• _ASSIGNMENT_:
Every line below from the one containing "Answer as a" through the one containing "This view is" must be transcribed exactly. Omit all lines outside that stretch.

• _DATA_:

━━━━━━

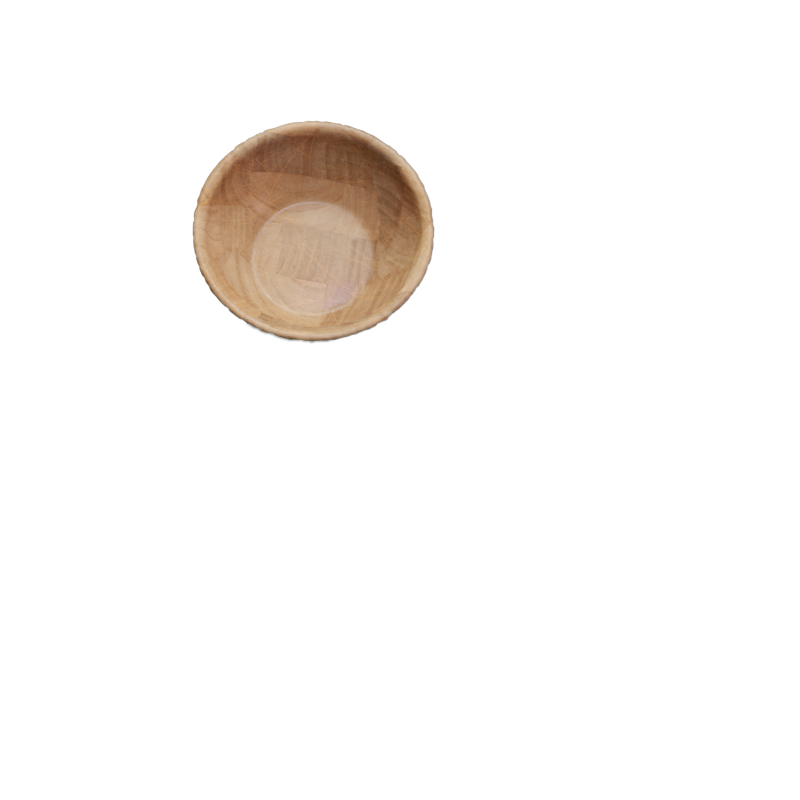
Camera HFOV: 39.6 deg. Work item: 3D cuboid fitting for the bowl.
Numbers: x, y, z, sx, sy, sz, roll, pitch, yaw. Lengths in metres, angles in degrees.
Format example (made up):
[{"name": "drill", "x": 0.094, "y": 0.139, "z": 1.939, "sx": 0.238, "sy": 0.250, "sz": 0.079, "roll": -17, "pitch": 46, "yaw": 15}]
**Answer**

━━━━━━

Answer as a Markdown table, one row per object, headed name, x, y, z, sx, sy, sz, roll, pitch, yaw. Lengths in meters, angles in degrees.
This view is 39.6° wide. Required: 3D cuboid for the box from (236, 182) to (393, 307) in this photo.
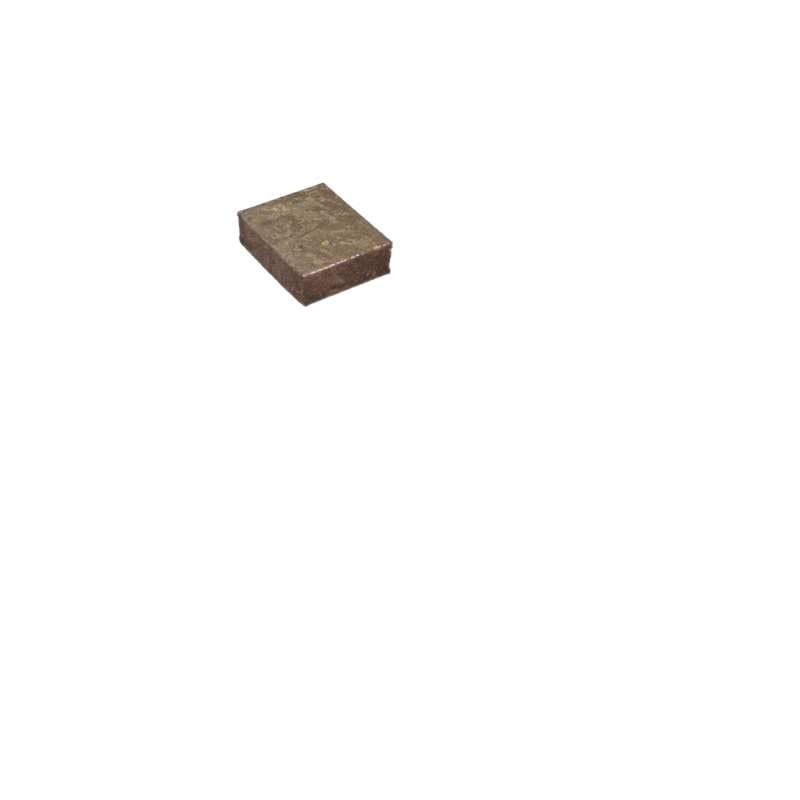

━━━━━━

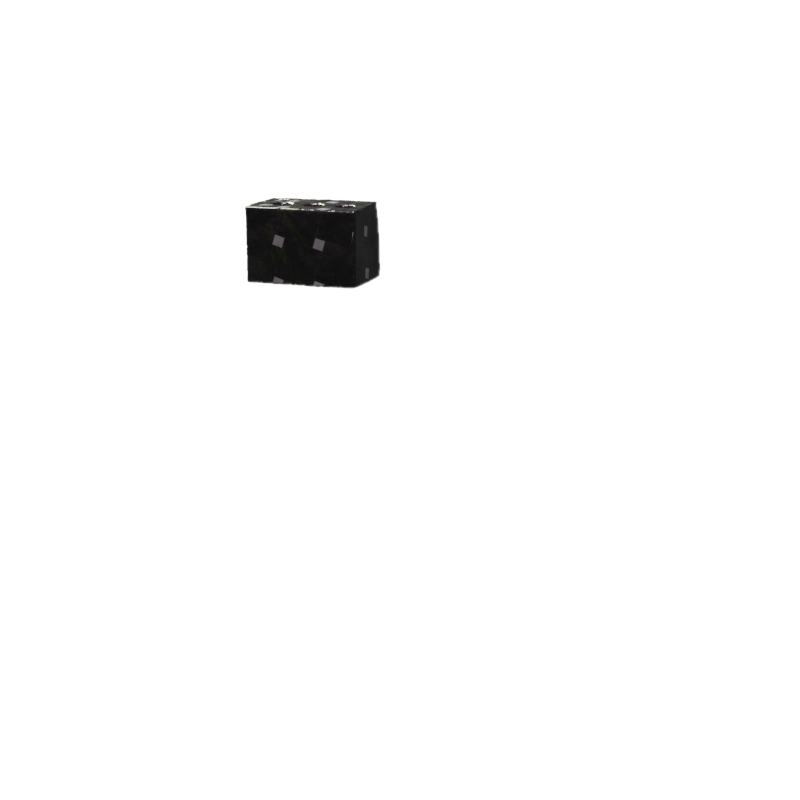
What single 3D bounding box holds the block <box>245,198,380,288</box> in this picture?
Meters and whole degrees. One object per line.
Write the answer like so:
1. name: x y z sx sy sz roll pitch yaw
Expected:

━━━━━━

• _RESULT_:
Answer as a Markdown table, one row per object, headed name, x, y, z, sx, sy, sz, roll, pitch, yaw. Lengths in meters, angles in degrees.
This view is 39.6° wide. Required: 3D cuboid for the box from (236, 182) to (393, 307) in this photo.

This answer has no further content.